Jane was born in Dijon, France on January 23, 1572 the daughter of wealthy and well-educated wealthy parents.  Jane's mother died when she was only an infant and she was cared for by her father, Benigne Fremyot the president of the Parliament of Burgundy.  Jane learned her religion from an early age as well as the proper manners expected of a young lady of that time.  Suitors soon surrounded her from which her father chose one for her to marry when she was twenty.  Her new name was Baroness de Chantal.  There were seven children from her marriage of which three girls and a boy survived.  But after just eight years of marriage, her husband was fatally wounded in a hunting accident. 


In 1604 Bishop Frances de Sales was asked to give a series of Lenten talks at Dijon.  Jane had heard of his reputation and attended hoping that through him God might answer her prayers for a spiritual director.  He understood her soul and they entered into a close spiritual friendship.  Frances awakened in Jane the realization of the need to create a religious community for women who were of poor health, single, widows, or unable to live the more severe life required by some religious orders.


Jane began by gathering other interested ladies around her who pledged to devote their lives to this calling and together formed a new religious order of women called the Congregation of the Visitation of the Virgin Mary.  But there were sometimes personality differences which tested Jane's patience such as the opinions of overly sensitive daughters of noble families who found it difficult to care for the sick and dying and others who criticized and even opposed the ladies in their work.   


The affairs of her family, her children, and forming new convents often forced Jane to leave the convent and Annecy in Savoy and return to her home in Dijon.  She was deeply saddened by the loss of her father who had died only a year after she entered the convent, the death of Francis de Sales her spiritual advisor, her son-in-law, and then a son who was killed in battle.  It can be seen through her letters that she often experienced times of spiritual darkness and dryness.


In 1629 a terrible bubonic plague spread throughout France, and many Visitation sisters died.  Although in great personal danger, Jane refused to abandon her convent in Annecy and inspired the sisters to stay and increase their efforts to help the sick and the dying. 


Before Jane's death, she had founded more than eighty Visitation homes, and since she had not yet visited them all, she planned to do this to promote peace and charity.  In 1641, Jane was invited by Queen Anne of Austria to be recognized for her work, but while returning home, she became ill and died on December 13, 1641 at the age of 69.  She was canonized a saint in 1767.
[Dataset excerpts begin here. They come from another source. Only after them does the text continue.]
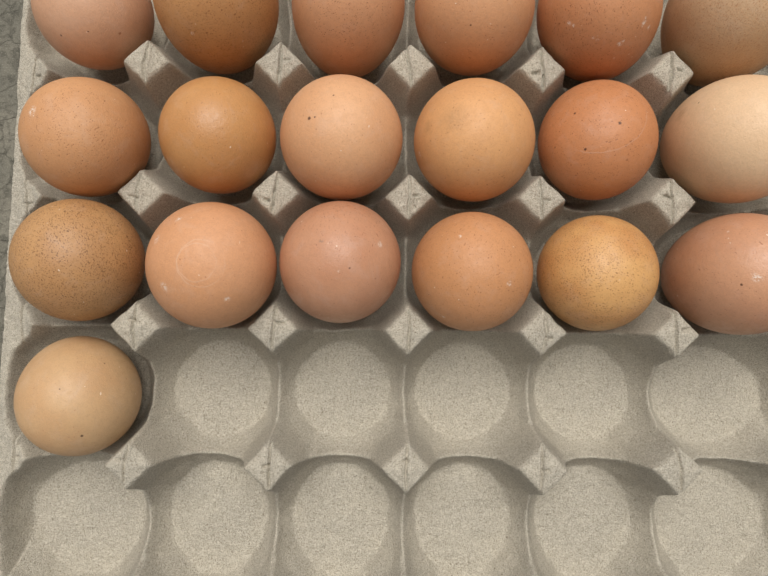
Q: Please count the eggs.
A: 19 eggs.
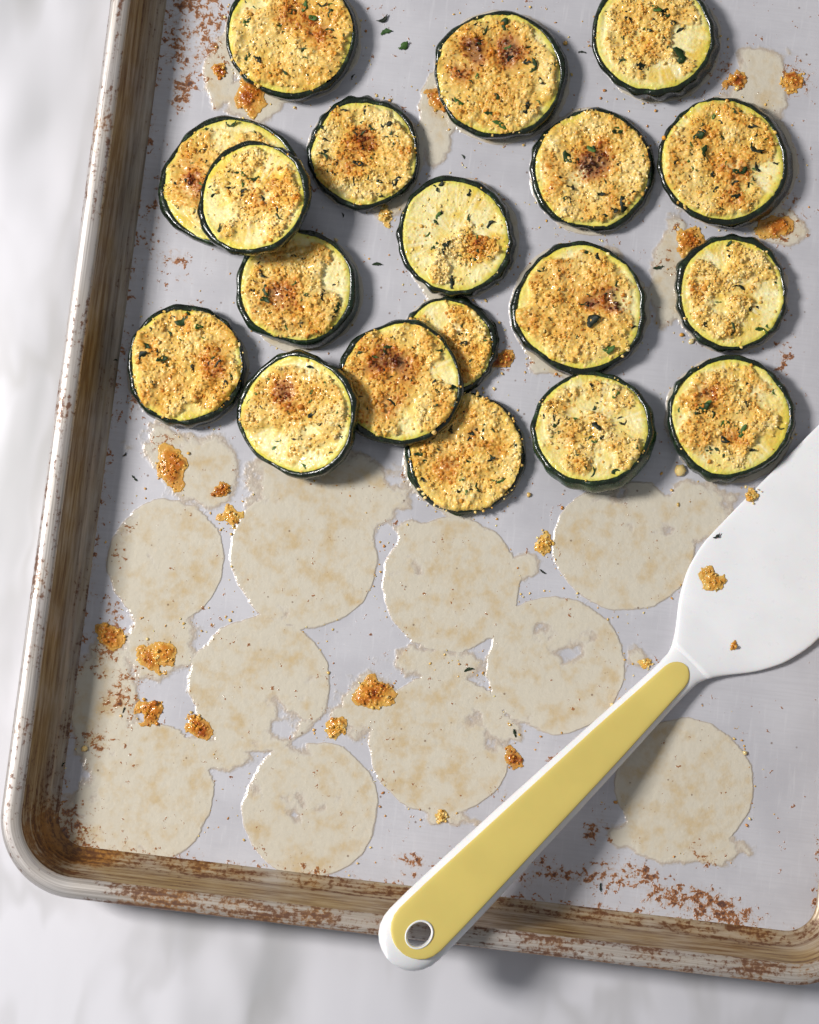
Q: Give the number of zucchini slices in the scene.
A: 19
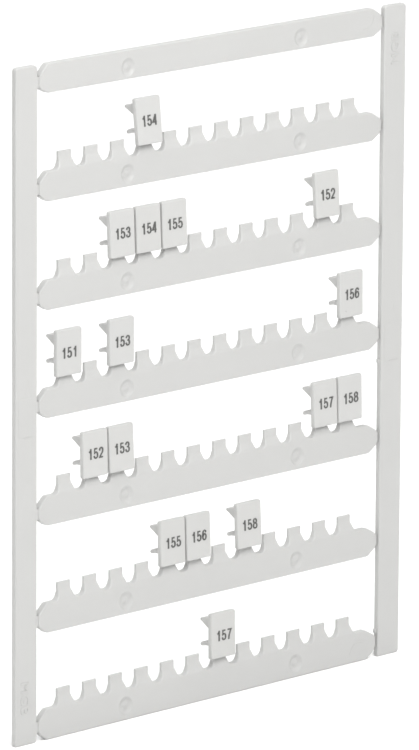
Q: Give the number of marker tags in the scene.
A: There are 16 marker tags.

Jane was a humble, courageous and deeply religious woman who was God's instrument in forming the Order of the Visitation, and through which so many acts of charity were accomplished.  She trusted in God through hard times when her faith was tested and her life was in danger.  Her charity toward others came from a heart as Jane put it, "Content, as long as I know that God wills it and that I am being faithful to what he wants."